Friday, July 3, 2009

Meltdown 10, Thaw 0


If you’re running a small business – especially if you have been using a credit card instead of a credit line – you may have noticed that issuers are dropping credit lines in droves, and many are canceling the cards altogether, even as Congress provides new protections for consumers. The accelerating and massive failures in the commercial real estate market still grab financial headlines as office and store defaults trigger bigger losses to the mall/office building owners. Since the lenders in so many of these commercial real estate foreclosures and mortgage defaults are as often the local banks that approved these loans, and since the feds aren’t “stress-testing” and then recapitalizing the smaller banks that way they did the biggest 19 “too big to let fail” lenders, there is nothing close to a “thaw” in the credit markets.

With Americans deferring purchases wherever they can, savings rates on the rise (at a time when the government is trying to stimulate spending to restore job-creating consumer demand), and the jobless rate, however much the rate of decline may have slowed, is still dropping, there is “one clear reality” for our future: whether we hit bottom in the next few months or not, there is very little on the horizon to suggest anything but a whimper of a “recovery” beginning anytime in the next year or two (or even beyond).

The June 29th 247WallSt.com: “A prolonged period of unemployment higher than 10% may break that mold. A large enough number of people without work could hamper consumer spending enough that some parts of the economy could move back into a recession next year. The ranks of the unemployed are rarely good credit risks. This poses important problems for banks which hope to see the quality of their loan portfolios begin to rebound. There is a point at which unemployment becomes both a lagging and leading economic indicator. It shows the end of one recession and foretells the beginning of another if double-digit joblessness persists for any period beyond next year. The modern economy has not experienced this but once in the last several decades. That was in the early 1980s. The banking system was not as riddled with problems among its largest firms then and the auto industry was not in need of nearly complete nationalization… Unemployment at or above 10% will also financially cripple many states, some of them to the level where they may not be able to provide basic services or pay their own workers.
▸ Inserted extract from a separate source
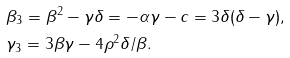Convert formula to latex. <formula><loc_0><loc_0><loc_500><loc_500>& \beta _ { 3 } = \beta ^ { 2 } - \gamma \delta = - \alpha \gamma - c = 3 \delta ( \delta - \gamma ) , \\ & \gamma _ { 3 } = 3 \beta \gamma - 4 \rho ^ { 2 } \delta / \beta .</formula>

Those problems begin to cascade as states lack the ability to provide social benefits to the unemployed and state worker layoffs increase those numbers.”

Sadly, we are dependent on government demand – in the form of the federal stimulus package – to break the economic stalemate, but it may too little, too late to make the difference. It appears that the private sector is still sitting on the sidelines; even in the government-supported residential housing market – a market segment that seems to continue to experience value declines – it’s hardly a healthy environment. Demand is much weaker than expected, and for properties above the $500K range, loans are still virtually non-existent.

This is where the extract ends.